Please copy out the entries below exactly, beginning with the line that contains "min_value = 10 ** 5" and ending with the line that contains "s = [max(0, x", and include nothing outside that span.

> _PROVIDED RECORDS_
=======

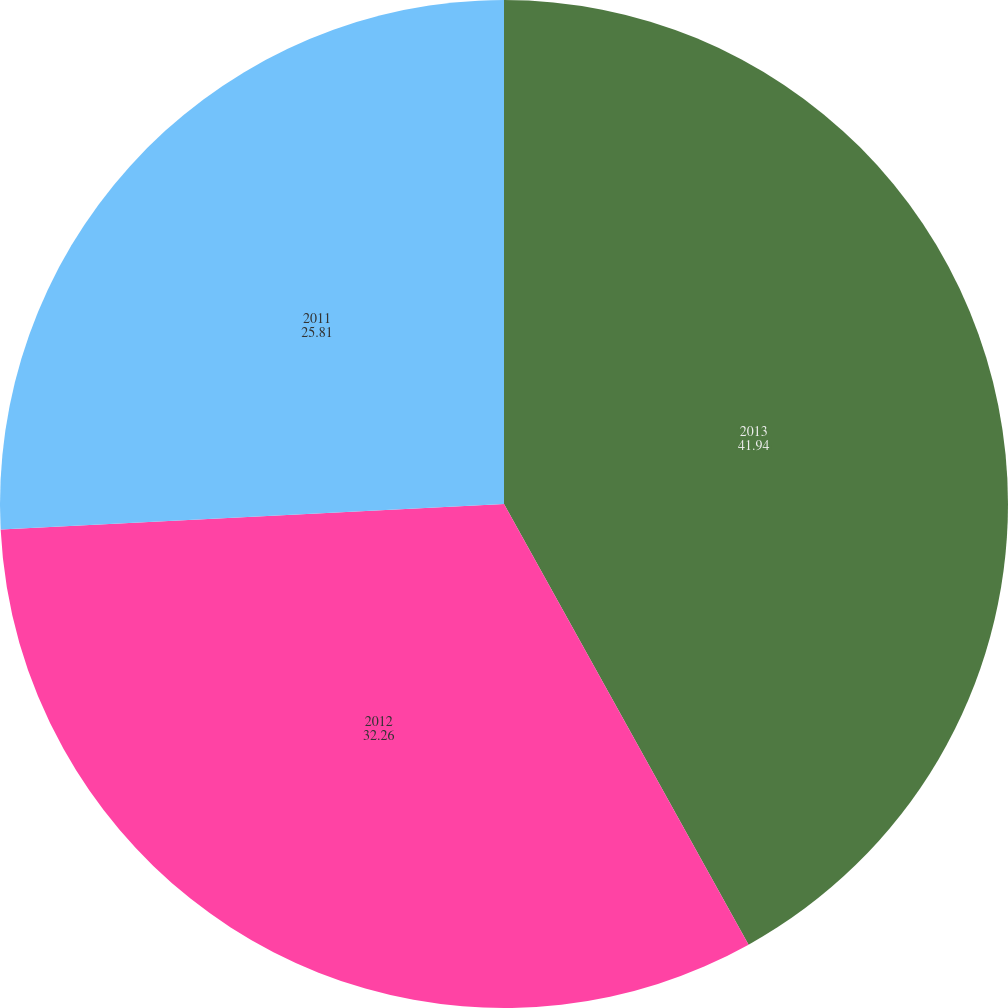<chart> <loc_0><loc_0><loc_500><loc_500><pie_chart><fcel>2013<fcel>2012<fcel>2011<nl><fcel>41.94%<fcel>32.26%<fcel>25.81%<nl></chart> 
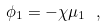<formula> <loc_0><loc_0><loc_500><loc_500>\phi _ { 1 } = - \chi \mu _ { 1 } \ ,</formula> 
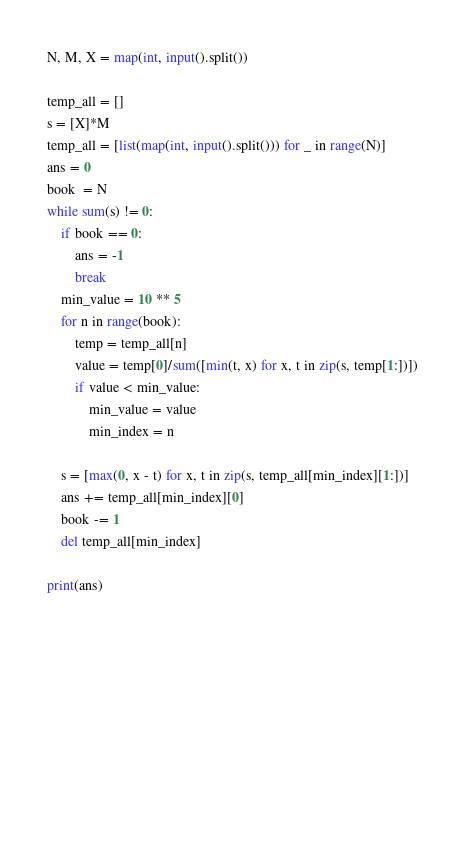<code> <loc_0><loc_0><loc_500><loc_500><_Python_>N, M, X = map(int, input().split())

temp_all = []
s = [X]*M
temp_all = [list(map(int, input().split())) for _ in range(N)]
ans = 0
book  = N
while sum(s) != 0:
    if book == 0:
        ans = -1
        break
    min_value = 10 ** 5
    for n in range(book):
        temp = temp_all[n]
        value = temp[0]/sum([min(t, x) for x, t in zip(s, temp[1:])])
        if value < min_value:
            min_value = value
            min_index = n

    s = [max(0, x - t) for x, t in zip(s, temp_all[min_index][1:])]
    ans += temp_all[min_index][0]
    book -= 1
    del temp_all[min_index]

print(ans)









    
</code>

=======

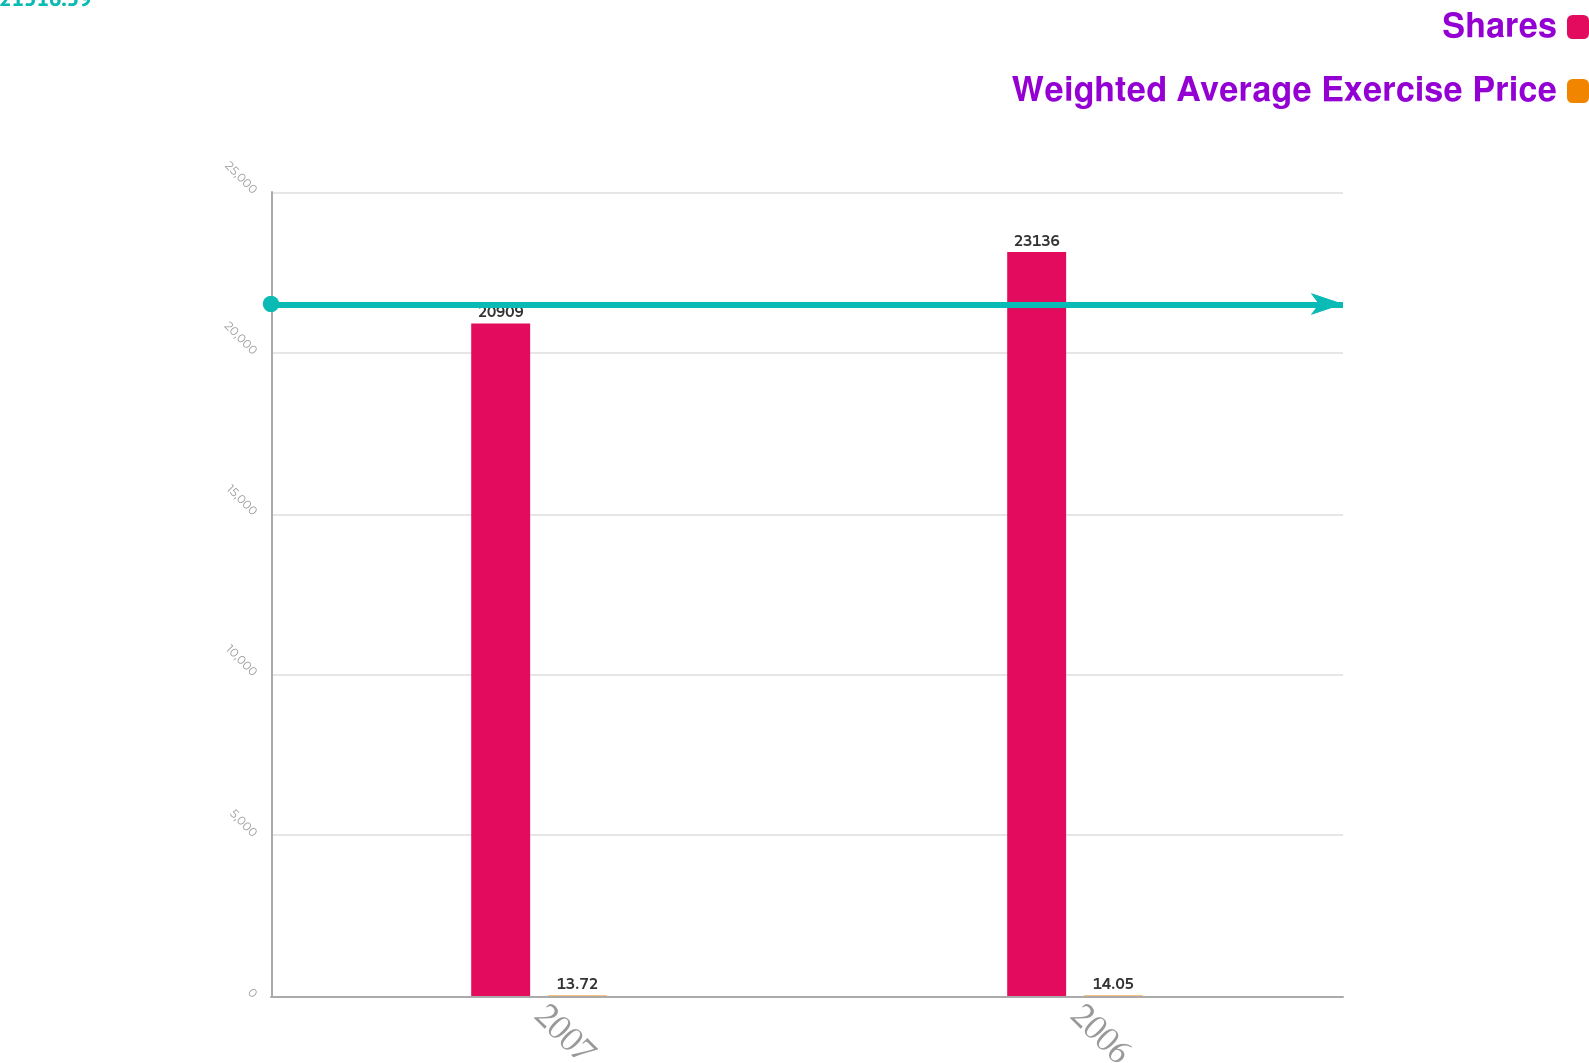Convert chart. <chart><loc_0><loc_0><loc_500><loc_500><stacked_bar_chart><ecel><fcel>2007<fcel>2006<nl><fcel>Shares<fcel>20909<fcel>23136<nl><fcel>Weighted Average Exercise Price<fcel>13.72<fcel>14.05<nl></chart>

=======

> _THE COMPLETED TASK_
    min_value = 10 ** 5
    for n in range(book):
        temp = temp_all[n]
        value = temp[0]/sum([min(t, x) for x, t in zip(s, temp[1:])])
        if value < min_value:
            min_value = value
            min_index = n

    s = [max(0, x - t) for x, t in zip(s, temp_all[min_index][1:])]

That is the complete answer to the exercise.